- **Exercise prompt**: All that is needed is every line of the listing below that has "bounding".

- **Dataset records**:
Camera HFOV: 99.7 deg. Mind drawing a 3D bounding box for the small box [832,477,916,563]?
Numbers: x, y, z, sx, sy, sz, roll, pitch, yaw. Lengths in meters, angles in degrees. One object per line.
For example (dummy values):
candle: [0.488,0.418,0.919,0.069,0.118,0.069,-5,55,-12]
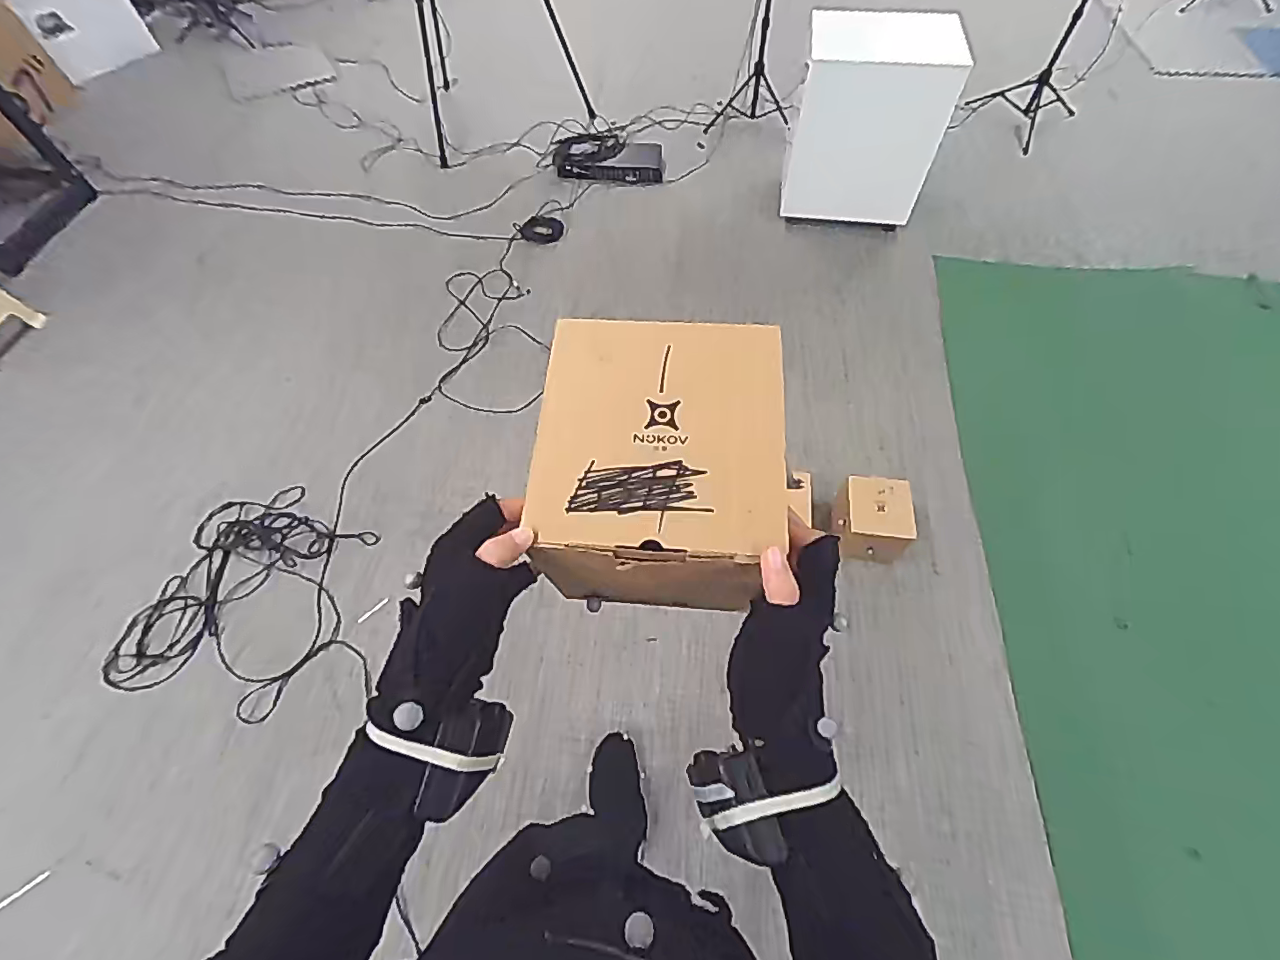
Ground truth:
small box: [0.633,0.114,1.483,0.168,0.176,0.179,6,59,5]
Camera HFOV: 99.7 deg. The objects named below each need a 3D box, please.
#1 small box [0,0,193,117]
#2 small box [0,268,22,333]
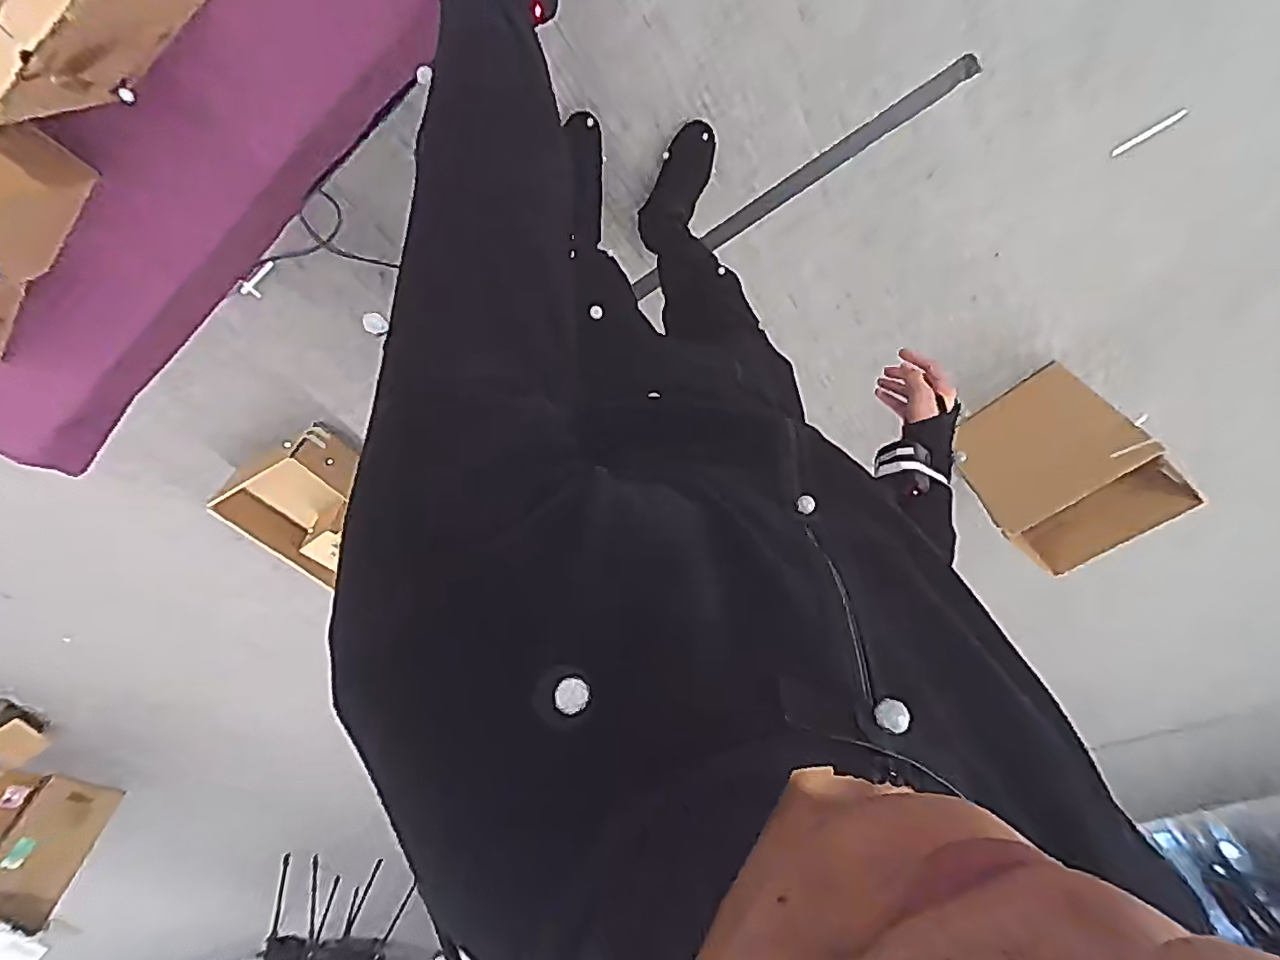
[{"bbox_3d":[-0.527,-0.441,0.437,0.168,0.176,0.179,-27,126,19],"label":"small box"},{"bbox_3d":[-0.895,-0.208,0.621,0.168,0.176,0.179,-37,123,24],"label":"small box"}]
...
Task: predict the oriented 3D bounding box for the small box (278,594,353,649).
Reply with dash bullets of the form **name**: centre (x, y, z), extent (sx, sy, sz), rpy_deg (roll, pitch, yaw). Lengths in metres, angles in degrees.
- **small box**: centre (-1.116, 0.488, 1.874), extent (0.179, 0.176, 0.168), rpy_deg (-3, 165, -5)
==
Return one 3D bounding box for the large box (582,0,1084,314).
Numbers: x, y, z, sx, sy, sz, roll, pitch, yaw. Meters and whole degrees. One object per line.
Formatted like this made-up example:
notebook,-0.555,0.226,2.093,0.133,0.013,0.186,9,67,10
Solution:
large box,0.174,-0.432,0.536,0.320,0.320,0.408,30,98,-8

- **Answer to this exercise**:
Camera HFOV: 99.7 deg. Mind drawing a 3D bounding box for the small box [832,477,916,563]?
Task: predict the oriented 3D bounding box for the small box (278,594,353,649).
Return one 3D bounding box for the large box (582,0,1084,314).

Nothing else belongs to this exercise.